Data entries:
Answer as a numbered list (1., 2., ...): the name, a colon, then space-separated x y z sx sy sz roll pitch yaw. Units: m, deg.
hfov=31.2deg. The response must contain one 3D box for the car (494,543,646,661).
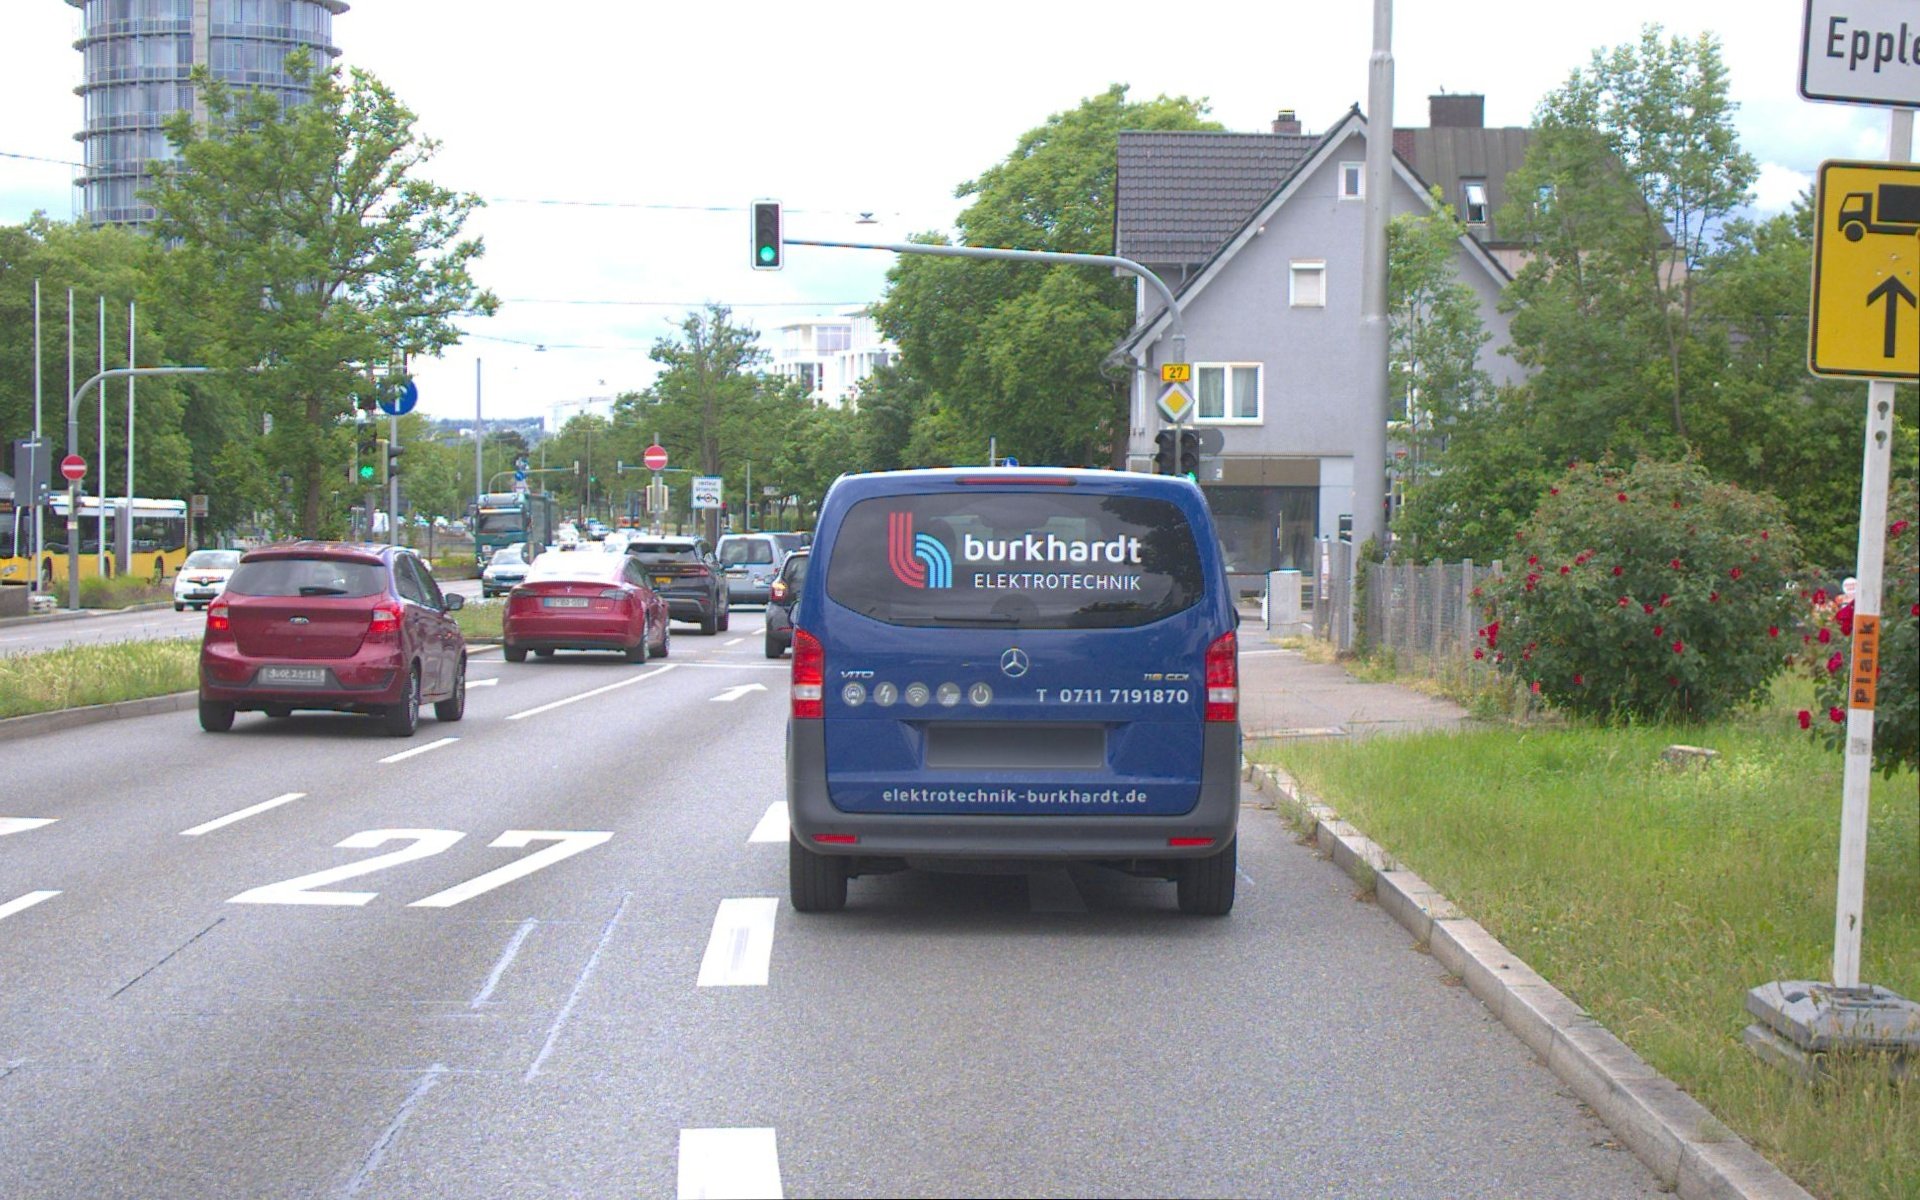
1. car: -5.222 0.035 45.664 1.868 1.481 4.001 -1 0 -8

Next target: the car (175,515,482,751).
1. car: -5.101 0.220 28.261 1.746 1.717 4.000 3 1 -1

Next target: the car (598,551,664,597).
1. car: -14.451 -1.169 151.198 1.994 2.007 4.178 0 1 8

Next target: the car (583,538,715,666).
1. car: -5.323 -0.003 58.474 1.993 2.006 4.001 1 2 -8

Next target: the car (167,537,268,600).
1. car: -18.956 -0.812 87.941 1.624 1.568 4.000 0 1 1

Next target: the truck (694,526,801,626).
1. truck: -4.904 -0.578 80.128 1.993 2.158 5.559 2 1 1

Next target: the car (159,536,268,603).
1. car: -19.065 -0.791 87.925 1.747 1.512 4.000 -6 1 1

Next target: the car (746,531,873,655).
1. car: -2.162 -0.128 49.442 1.746 1.717 4.001 0 1 -2

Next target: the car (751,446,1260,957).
1. car: 0.214 0.370 15.683 1.948 1.959 4.541 1 1 1

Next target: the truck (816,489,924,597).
1. truck: -1.889 -1.209 73.847 1.993 2.158 5.559 2 1 1

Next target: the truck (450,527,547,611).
1. truck: -21.522 -1.456 160.875 3.367 3.714 11.281 1 0 -2

* _Work item_:
Except for the pictures, give the data again word for word.

* _Task answer_:
Answer as a numbered list (1., 2., ...): the name, a colon, then space-separated x y z sx sy sz roll pitch yaw. Units: m, deg.
hfov=31.2deg. The response must contain one 3D box for the car (494,543,646,661).
1. car: -5.222 0.035 45.664 1.868 1.481 4.001 -1 0 -8

Next target: the car (175,515,482,751).
1. car: -5.101 0.220 28.261 1.746 1.717 4.000 3 1 -1

Next target: the car (598,551,664,597).
1. car: -14.451 -1.169 151.198 1.994 2.007 4.178 0 1 8

Next target: the car (583,538,715,666).
1. car: -5.323 -0.003 58.474 1.993 2.006 4.001 1 2 -8

Next target: the car (167,537,268,600).
1. car: -18.956 -0.812 87.941 1.624 1.568 4.000 0 1 1

Next target: the truck (694,526,801,626).
1. truck: -4.904 -0.578 80.128 1.993 2.158 5.559 2 1 1

Next target: the car (159,536,268,603).
1. car: -19.065 -0.791 87.925 1.747 1.512 4.000 -6 1 1

Next target: the car (746,531,873,655).
1. car: -2.162 -0.128 49.442 1.746 1.717 4.001 0 1 -2

Next target: the car (751,446,1260,957).
1. car: 0.214 0.370 15.683 1.948 1.959 4.541 1 1 1

Next target: the truck (816,489,924,597).
1. truck: -1.889 -1.209 73.847 1.993 2.158 5.559 2 1 1

Next target: the truck (450,527,547,611).
1. truck: -21.522 -1.456 160.875 3.367 3.714 11.281 1 0 -2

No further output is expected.